«Дитя и волшебство» Равеля как отдельная удача
В последнее время Большой театр России отчаянно пытается влиться в русло мирового оперного процесса, но на самом деле, с каждой очередной оперной премьерой, всё больше и больше теряет свое самобытное творческое лицо, планомерно превращаясь в «банановую республику мировой оперы», для внутреннего мироустройства которой определяющей доктриной является если и не обязательное, то, во всяком случае, желательное приглашение «оперных звезд» из-за рубежа. Кавычки поставлены неспроста, ибо в большинстве своем приглашенные солисты в этом отношении очень часто вызывают удивление. Но возможно, что в Большом всегда просто вполне искренне верили (и продолжают верить!), что это каждый раз были действительно оперные звезды. И всё же постановки — постановками, премьеры — премьерами, а между тем один концертный проект, недавно состоявшийся на Новой сцене Большого театра и, опять же, для пущей важности подкрепленный каскадом зарубежных солистов, оставил неожиданно приятное впечатление. Во многом его «приятность» была связана еще и с тем, что возмущаться глазу, к чему уже успели приучить в этих стенах «лихие» премьеры недавнего времени, было просто нечем. На сцене просто были оркестр и дирижер, на сцене просто был хор, на сцене просто были солисты. И была музыка, не омраченная никакими гримасами современной «прогрессивной» режиссуры.

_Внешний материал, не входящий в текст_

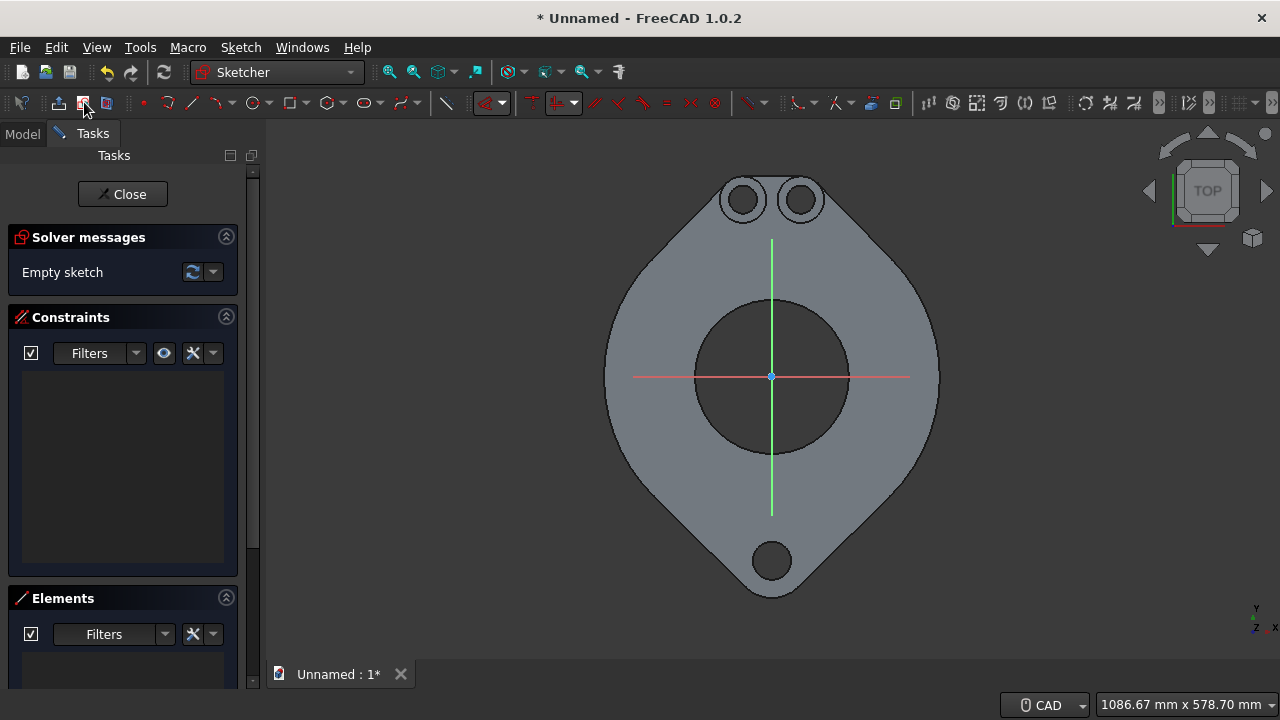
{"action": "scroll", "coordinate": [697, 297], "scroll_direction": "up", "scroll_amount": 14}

Представленная немецко-французская программа во многом необычна для традиционных устоев репертуарной политики Большого театра. Впрочем, этих традиционных устоев давно уже нет и в помине: нашел, о чем вспомнить! Они разрушены еще в недавнее «смутное время», в эпоху «мрачного правления» Александра Ведерникова, в которой, безусловно, были и проблески творческих удач, но сейчас уже совершенно очевидно: эта эпоха стала эпохой деградации некогда великого первого оперного театра страны. Мрачное наследство предшественников мы пожинаем и по сей день... Тем отраднее и тем неожиданнее стало впечатление от обсуждаемой концертной программы.
В первом отделении были исполнены достаточно яркие образцы поздненемецкого музыкального романтизма — увертюра к опере Хумпердинка «Гензель и Гретель» и подборка из пяти отдельных песен, на которые достаточно богато композиторское наследие Рихарда Штрауса. Во втором отделении — и это, безусловно, стало тем главным, за чем и следовало прийти в театр — прозвучала опера «Дитя и волшебство», прелестная импрессионистская «изюминка» в творчестве Равеля. Очень странно, что проект «Дитя и волшебство», возникший именно в «Год Франции в России», конечно же, неспроста, почему-то не имел к этой культурной акции официального отношения. Не имел де-юре, но, однозначно, имел отношение де-факто.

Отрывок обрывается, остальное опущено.